Antibiotic treatment history and the relative abundance of the two clades over time. (A) Black bars indicate antibiotic administration, and hashed bars indicate intermittent exposure in that time block. The method of antibiotic administration is shown as intravenous (iv), inhaled (inh), or oral (po). Sputum samples were collected at the time points indicated by green lines, which extend to panels B and C. (B) Relative abundance at the genus level is shown as a percentage. (C) Relative abundance of clade A (blue shades) and clade B (red shades) genotypes over time. Genotypes are defined as whole-genome sequences differing by one or more SNPs segregating in at least two isolates. The same color and shading are used to identify specific genotypes across specimens.

FIG 2

Maximum likelihood and network-based (neighbor-net) phylogenetic analyses.
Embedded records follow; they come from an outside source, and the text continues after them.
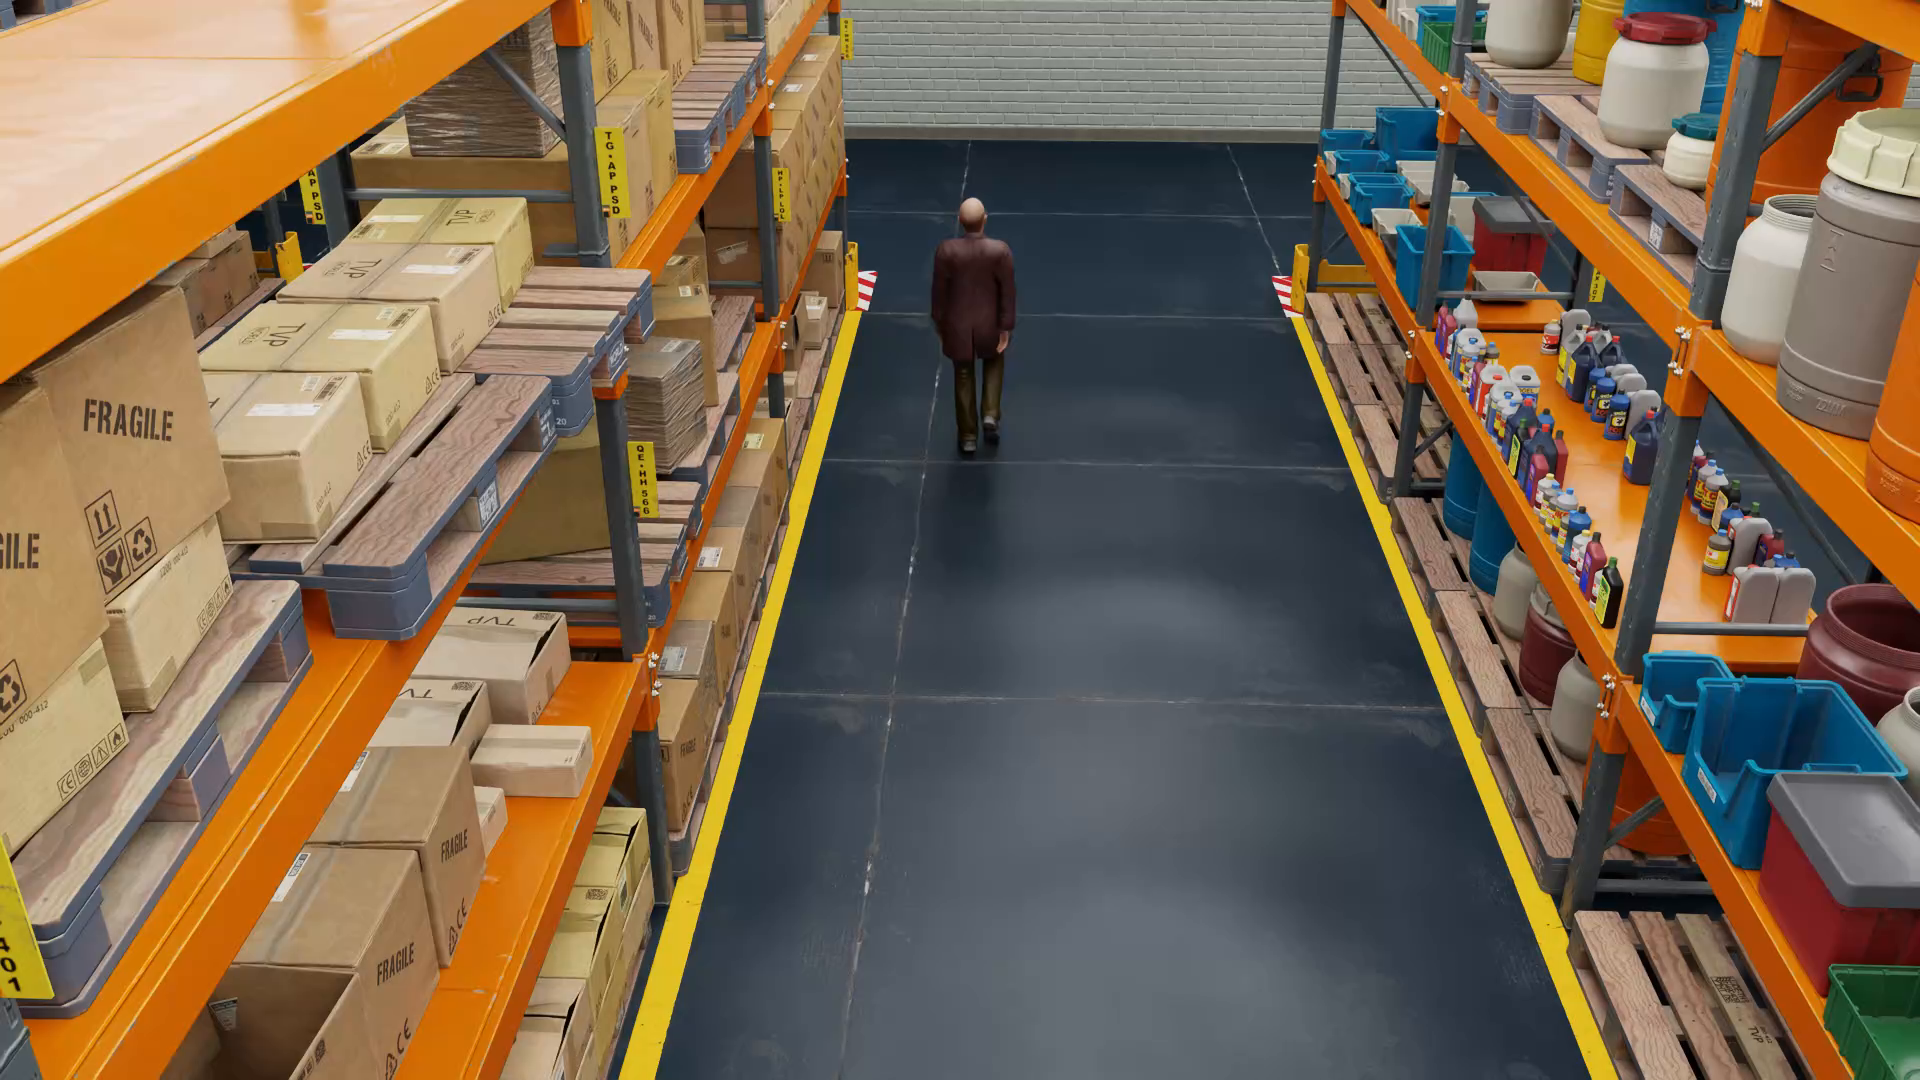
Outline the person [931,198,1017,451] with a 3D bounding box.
[{"bbox_3d":[0.088,-1.483,11.469,0.581,1.822,0.500,0,28,-1],"label":"person"}]
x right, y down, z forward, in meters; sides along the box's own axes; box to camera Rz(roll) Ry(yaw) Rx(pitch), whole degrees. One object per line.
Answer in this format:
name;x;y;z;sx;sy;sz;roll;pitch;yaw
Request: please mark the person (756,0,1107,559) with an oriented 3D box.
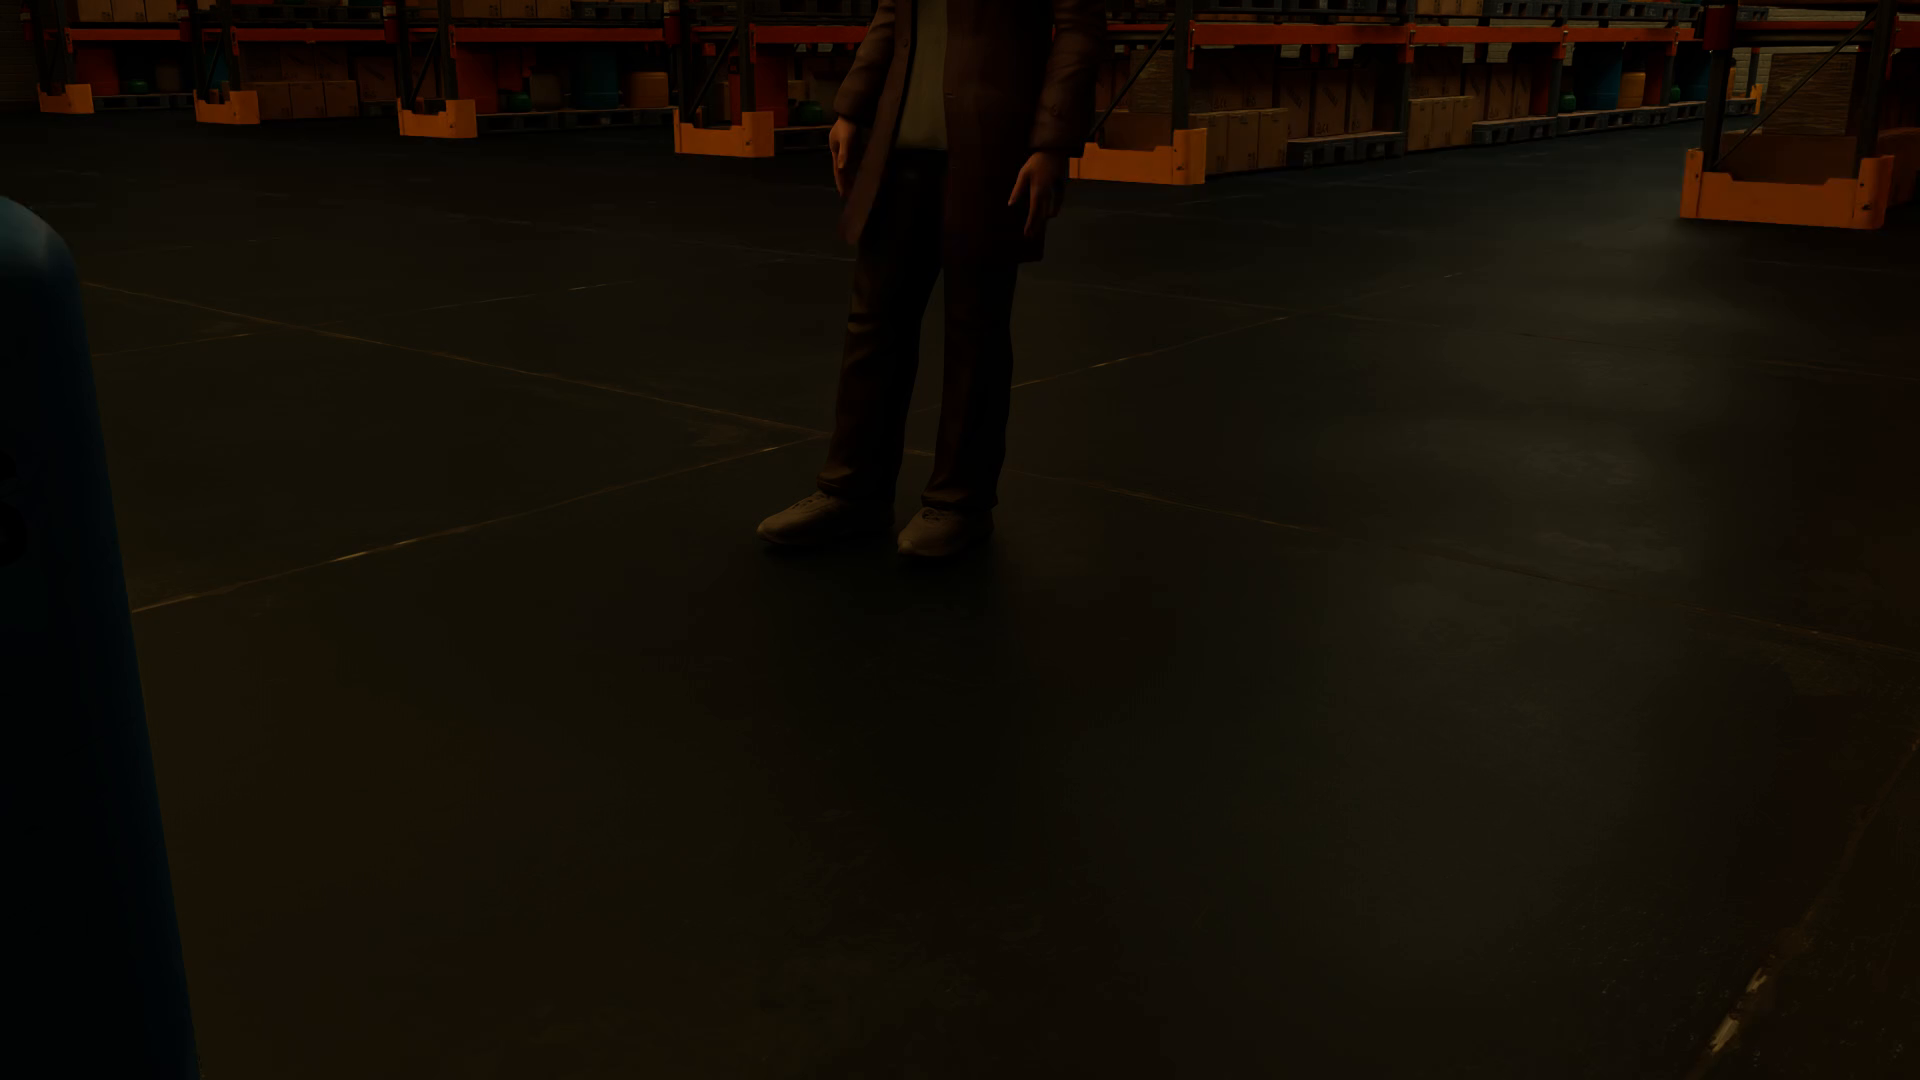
person;-0.061;-0.838;3.617;0.696;1.776;0.582;13;21;37
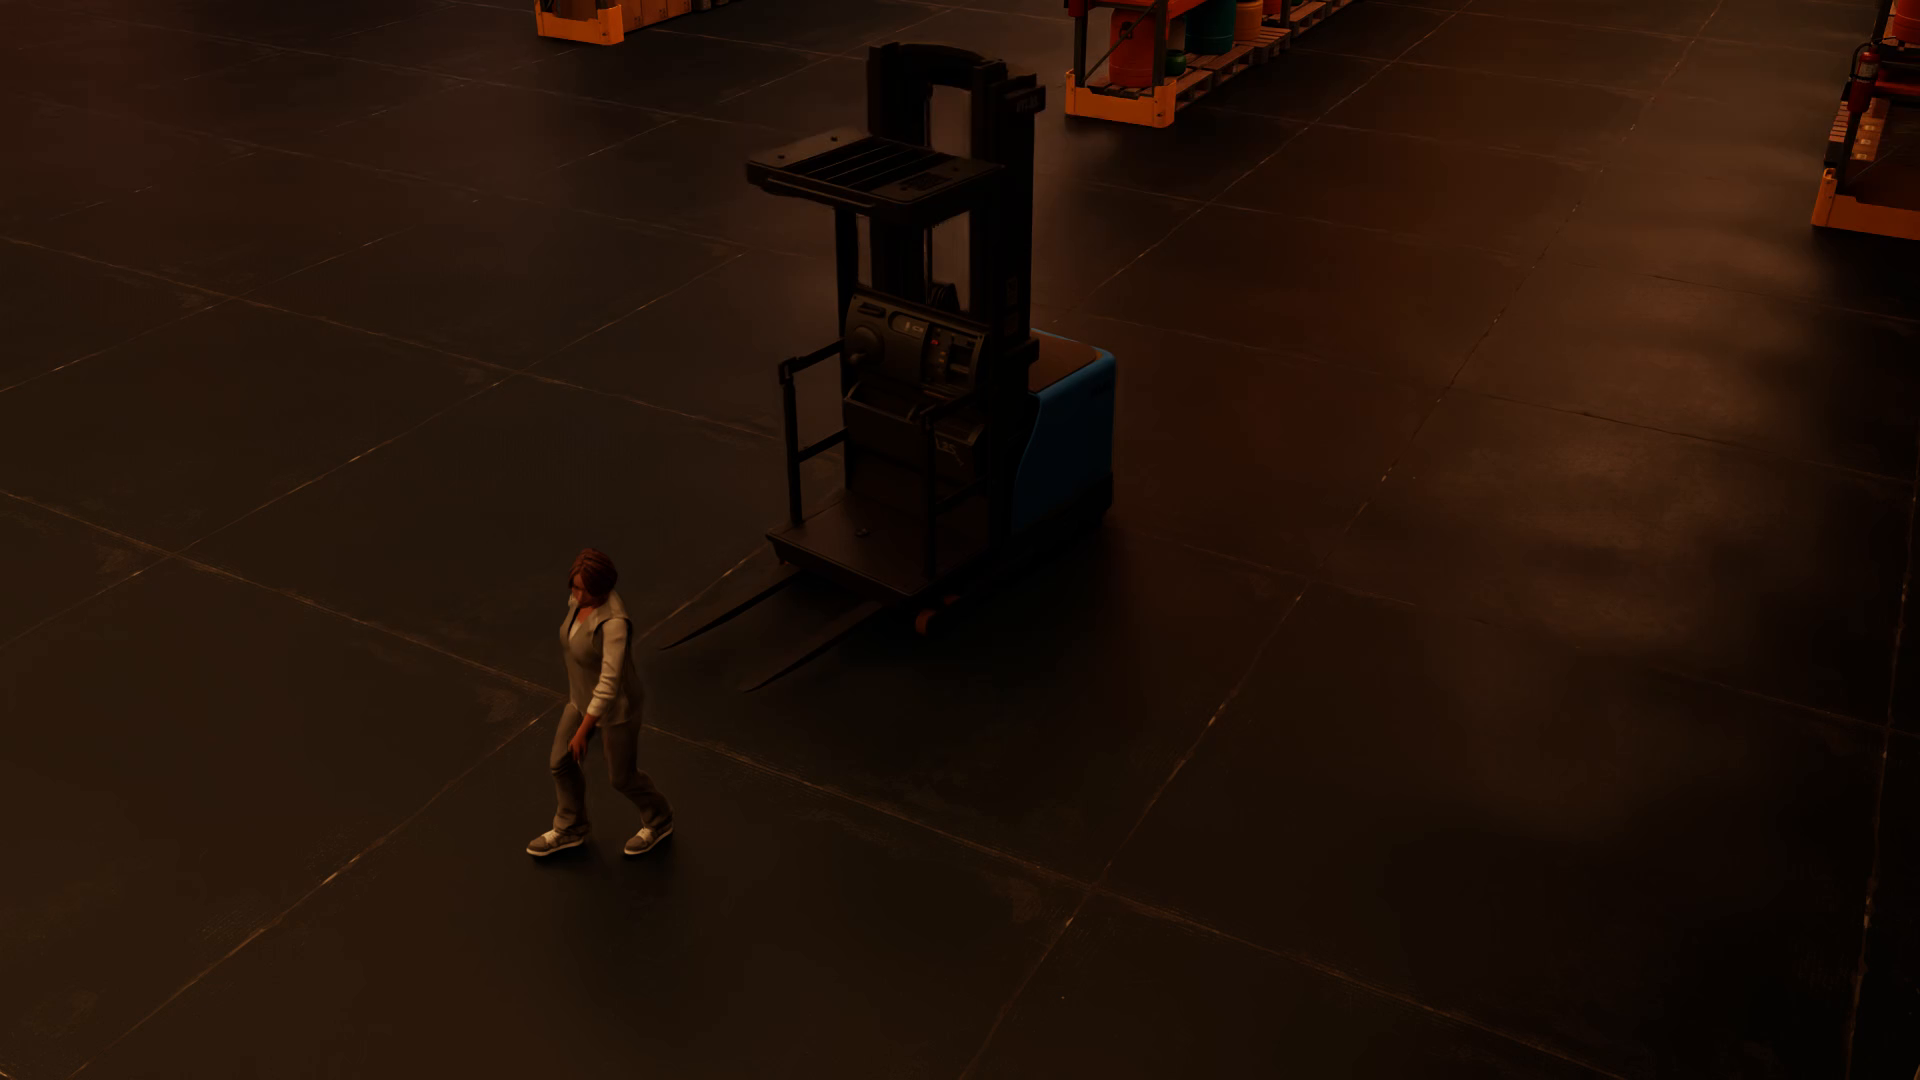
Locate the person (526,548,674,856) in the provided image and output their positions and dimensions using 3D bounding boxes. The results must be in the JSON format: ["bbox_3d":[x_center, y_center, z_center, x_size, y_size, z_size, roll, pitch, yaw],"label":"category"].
[{"bbox_3d":[-1.598,0.733,7.177,0.637,1.563,0.535,-23,37,-34],"label":"person"}]

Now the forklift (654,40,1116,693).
[{"bbox_3d":[-0.382,-1.016,8.830,1.130,2.935,3.031,22,36,33],"label":"forklift"}]
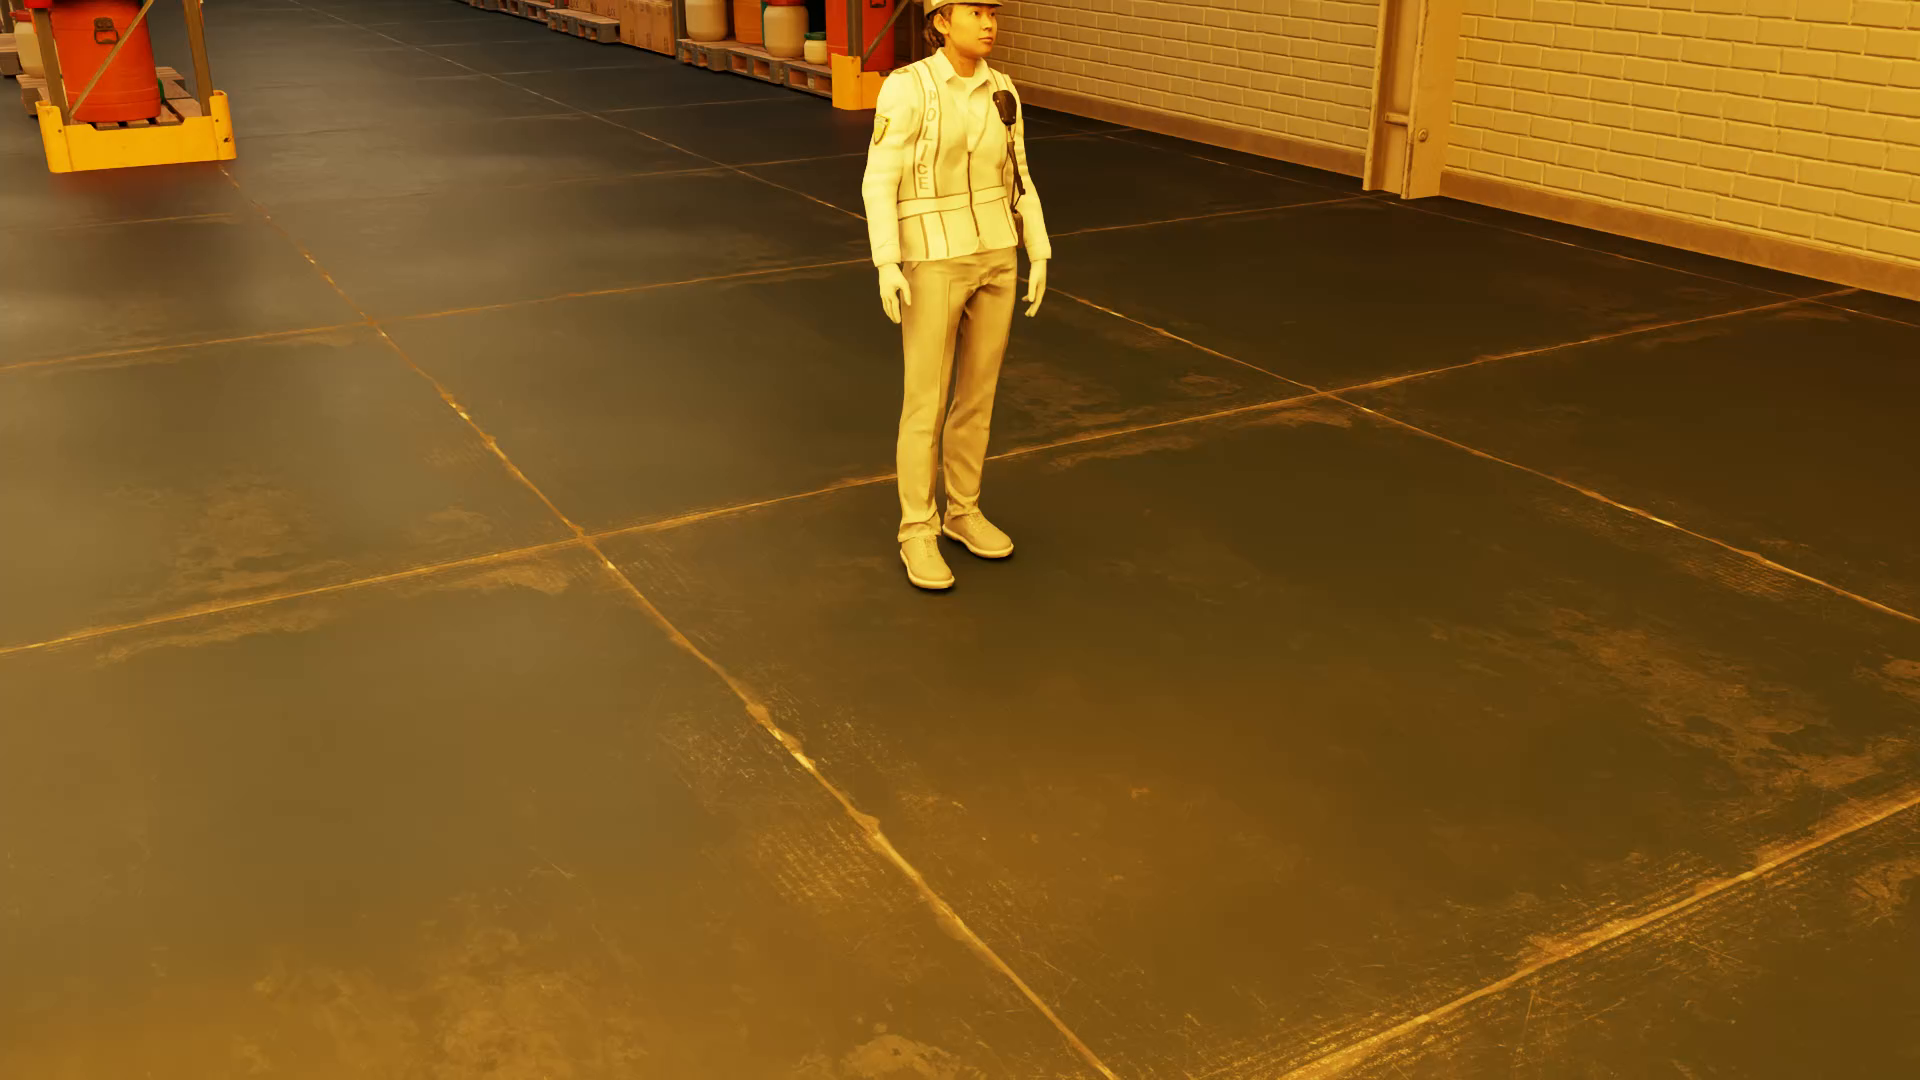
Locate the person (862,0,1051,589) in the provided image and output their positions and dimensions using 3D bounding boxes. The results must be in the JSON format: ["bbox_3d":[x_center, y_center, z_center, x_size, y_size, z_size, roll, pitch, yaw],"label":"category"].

The phylogenetic structure of 233 P. aeruginosa isolates was characterized based on genome-wide single nucleotide polymorphisms (SNPs) using the maximum likelihood (A) and neighbor-net (B) algorithms. The structure of the resulting tree revealed two populations, clades A (blue) and B (red). The 152 isolates in clade B produce a star phylogeny consistent with a recent expansion of a clonal population, while the 81 isolates in clade A show longer branches with more phylogenetic structure. (A) The scale bar shows genetic distance using the maximum composite distance and all segregating SNPs. The strain names shown on the tree are a composite of the specimen number from which the clone was isolated, an arbitrary clone letter, and the clade designation. (B) Individual strain names at the tips of each branch have been replaced with pie charts indicating the distribution of dates during which the strains were sampled (indicated by the circular legend). The scale bar indicates genetic distances.

FIG 3

Frequency spectrum of SNPs in clades A and B. (A) The frequencies of the number of SNP differences between isolates within clade A and B reveal different distributions. While in clade A, most pairwise SNP differences occurred evenly, in clade A, pairwise SNP differences lower than 5 are overrepresented. (B) Distribution of pairwise SNP differences within clades A and B shows different profiles (P <<< 0.0001, t test).

FIG 4

dN/dS ratio calculation over time. Shown is the nonsynonymous over synonymous substitution rate (dN/dS) for multispecimen SNPs calculated for each sample time and partitioned based on clade membership. Clade B arose between sampling specimens 1 and 2; therefore, there are no data for clade B.

FIG 5

Distribution of pbpB alleles in clade A (A) and clade (B) over the 12 sampling time points. Clades A and B share an ancestral major allele. A minor allele is observed specifically in clade A, and two others segregate only in clade B.

FIG 6

Relationship between pbpB alleles and MICs to selected antipseudomonal antibiotics. Pseudomonas aeruginosa isolates were grouped by pbpB genotype based on the presence of major and minor alleles, as well as clade membership in clade A (ancestral) and clade B (sweep) populations. Antibiotic MICs were assayed for aztreonam (A), cefsulodin (B), ceftazidime (C), and piperacillin (D). The presence of the minor alleles was associated with significantly increased resistance to aztreonam and cefsulodin in both clades but to ceftazidime and piperacillin only for the clade A minor allele. Statistical significance was determined by Mann-Whitney U test and is indicated with asterisks. (**, P ≤ 0.01; ***, P ≤ 0.001).